» **YOUR ASSIGNMENT**: Every line of the data below is to be given again as it appears, with the images removed.

Items from a dataset

----

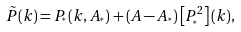Convert formula to latex. <formula><loc_0><loc_0><loc_500><loc_500>\tilde { P } ( k ) = P _ { ^ { * } } ( k , A _ { ^ { * } } ) + ( A - A _ { ^ { * } } ) \left [ P _ { ^ { * } } ^ { 2 } \right ] ( k ) ,</formula> 
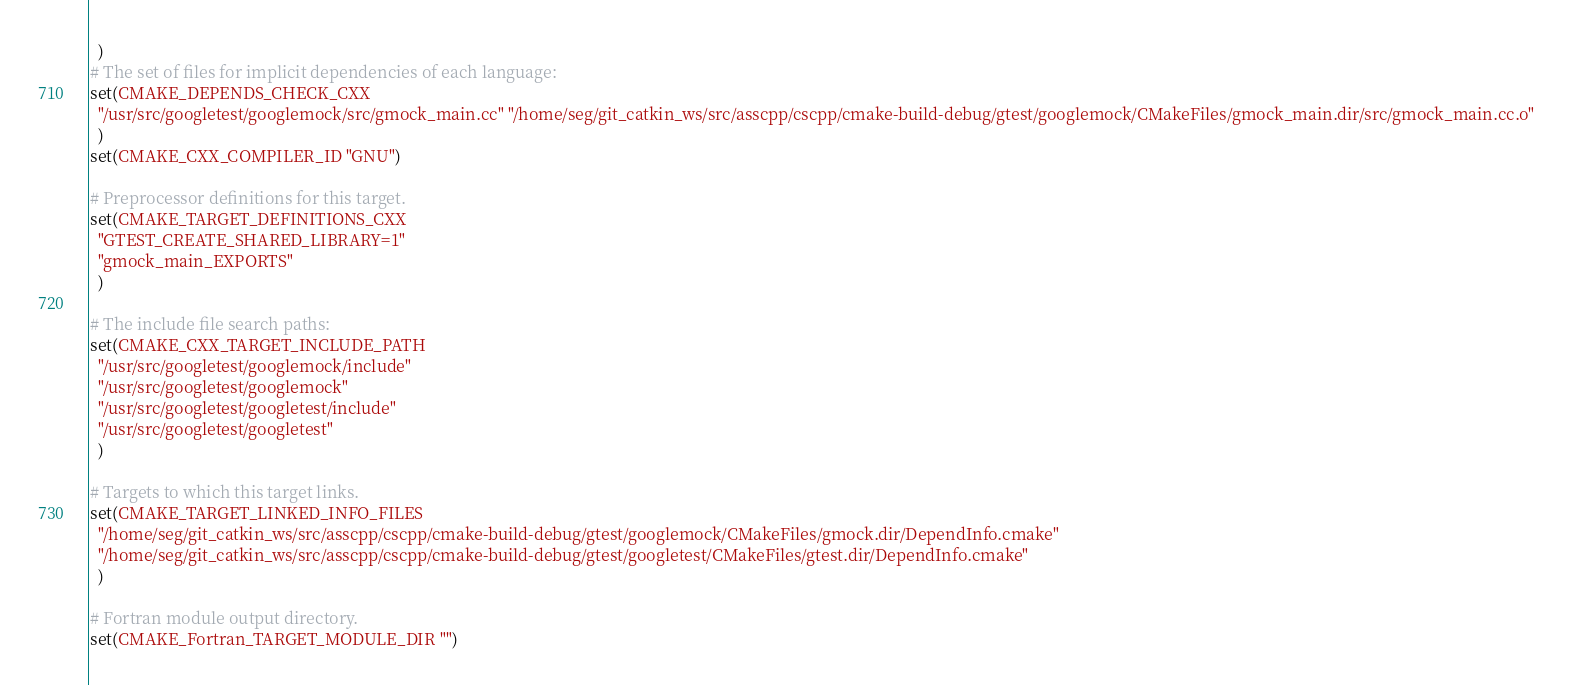Convert code to text. <code><loc_0><loc_0><loc_500><loc_500><_CMake_>  )
# The set of files for implicit dependencies of each language:
set(CMAKE_DEPENDS_CHECK_CXX
  "/usr/src/googletest/googlemock/src/gmock_main.cc" "/home/seg/git_catkin_ws/src/asscpp/cscpp/cmake-build-debug/gtest/googlemock/CMakeFiles/gmock_main.dir/src/gmock_main.cc.o"
  )
set(CMAKE_CXX_COMPILER_ID "GNU")

# Preprocessor definitions for this target.
set(CMAKE_TARGET_DEFINITIONS_CXX
  "GTEST_CREATE_SHARED_LIBRARY=1"
  "gmock_main_EXPORTS"
  )

# The include file search paths:
set(CMAKE_CXX_TARGET_INCLUDE_PATH
  "/usr/src/googletest/googlemock/include"
  "/usr/src/googletest/googlemock"
  "/usr/src/googletest/googletest/include"
  "/usr/src/googletest/googletest"
  )

# Targets to which this target links.
set(CMAKE_TARGET_LINKED_INFO_FILES
  "/home/seg/git_catkin_ws/src/asscpp/cscpp/cmake-build-debug/gtest/googlemock/CMakeFiles/gmock.dir/DependInfo.cmake"
  "/home/seg/git_catkin_ws/src/asscpp/cscpp/cmake-build-debug/gtest/googletest/CMakeFiles/gtest.dir/DependInfo.cmake"
  )

# Fortran module output directory.
set(CMAKE_Fortran_TARGET_MODULE_DIR "")
</code> 
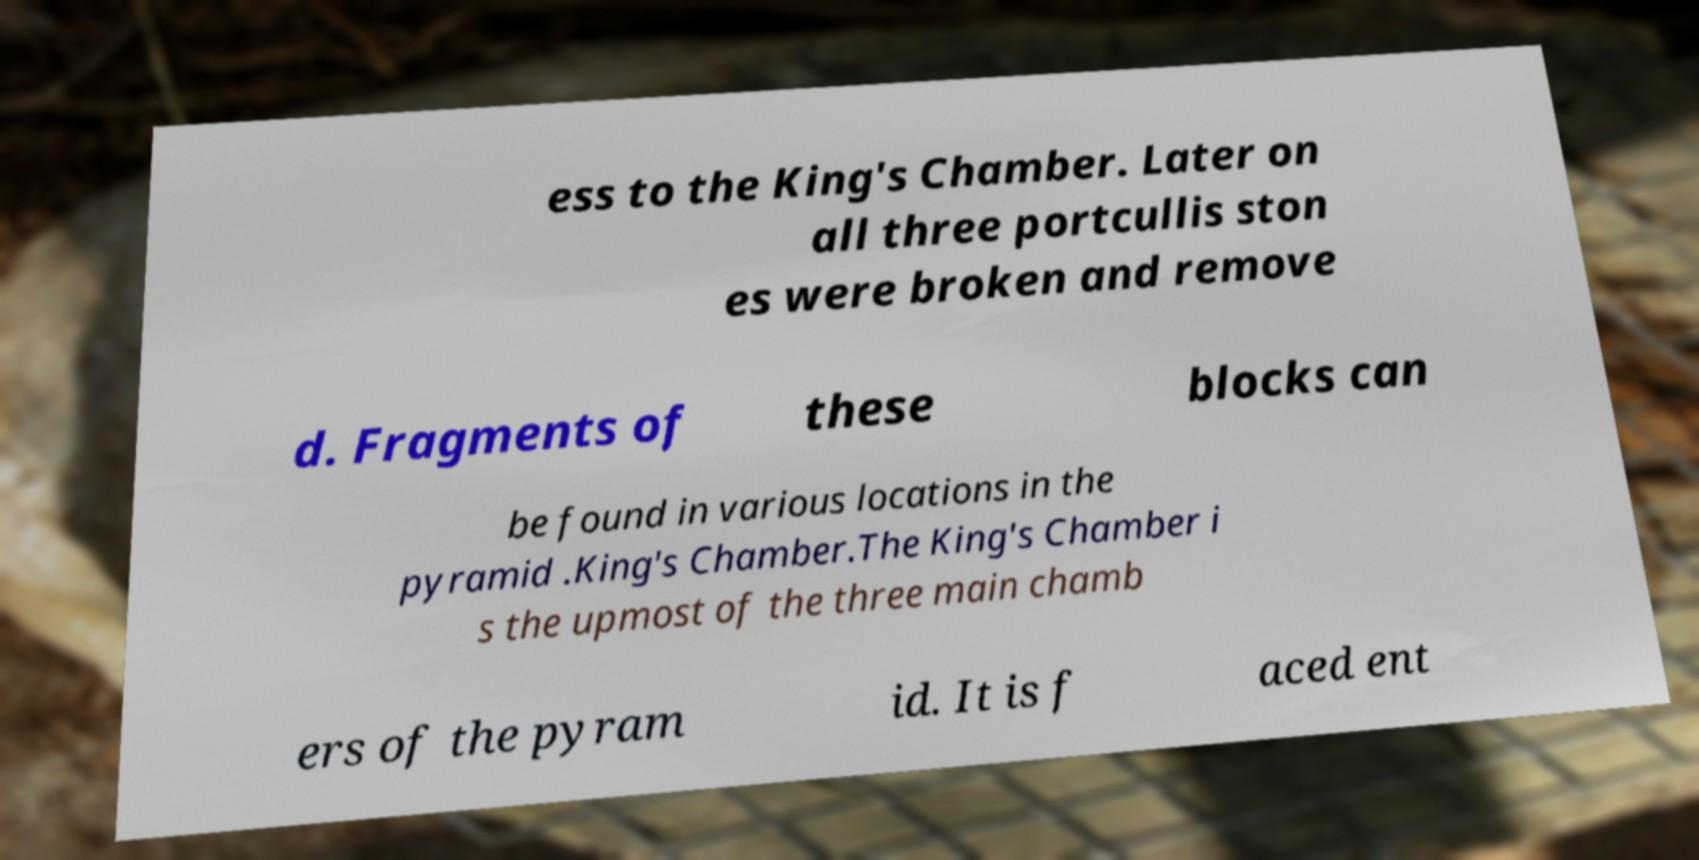For documentation purposes, I need the text within this image transcribed. Could you provide that? ess to the King's Chamber. Later on all three portcullis ston es were broken and remove d. Fragments of these blocks can be found in various locations in the pyramid .King's Chamber.The King's Chamber i s the upmost of the three main chamb ers of the pyram id. It is f aced ent

----

» **EXERCISE RESULT**:
Convert formula to latex. <formula><loc_0><loc_0><loc_500><loc_500>\tilde { P } ( k ) = P _ { ^ { * } } ( k , A _ { ^ { * } } ) + ( A - A _ { ^ { * } } ) \left [ P _ { ^ { * } } ^ { 2 } \right ] ( k ) ,</formula> 
Convert code to text. <code><loc_0><loc_0><loc_500><loc_500><_CMake_>  )
# The set of files for implicit dependencies of each language:
set(CMAKE_DEPENDS_CHECK_CXX
  "/usr/src/googletest/googlemock/src/gmock_main.cc" "/home/seg/git_catkin_ws/src/asscpp/cscpp/cmake-build-debug/gtest/googlemock/CMakeFiles/gmock_main.dir/src/gmock_main.cc.o"
  )
set(CMAKE_CXX_COMPILER_ID "GNU")

# Preprocessor definitions for this target.
set(CMAKE_TARGET_DEFINITIONS_CXX
  "GTEST_CREATE_SHARED_LIBRARY=1"
  "gmock_main_EXPORTS"
  )

# The include file search paths:
set(CMAKE_CXX_TARGET_INCLUDE_PATH
  "/usr/src/googletest/googlemock/include"
  "/usr/src/googletest/googlemock"
  "/usr/src/googletest/googletest/include"
  "/usr/src/googletest/googletest"
  )

# Targets to which this target links.
set(CMAKE_TARGET_LINKED_INFO_FILES
  "/home/seg/git_catkin_ws/src/asscpp/cscpp/cmake-build-debug/gtest/googlemock/CMakeFiles/gmock.dir/DependInfo.cmake"
  "/home/seg/git_catkin_ws/src/asscpp/cscpp/cmake-build-debug/gtest/googletest/CMakeFiles/gtest.dir/DependInfo.cmake"
  )

# Fortran module output directory.
set(CMAKE_Fortran_TARGET_MODULE_DIR "")
</code> 
For documentation purposes, I need the text within this image transcribed. Could you provide that? ess to the King's Chamber. Later on all three portcullis ston es were broken and remove d. Fragments of these blocks can be found in various locations in the pyramid .King's Chamber.The King's Chamber i s the upmost of the three main chamb ers of the pyram id. It is f aced ent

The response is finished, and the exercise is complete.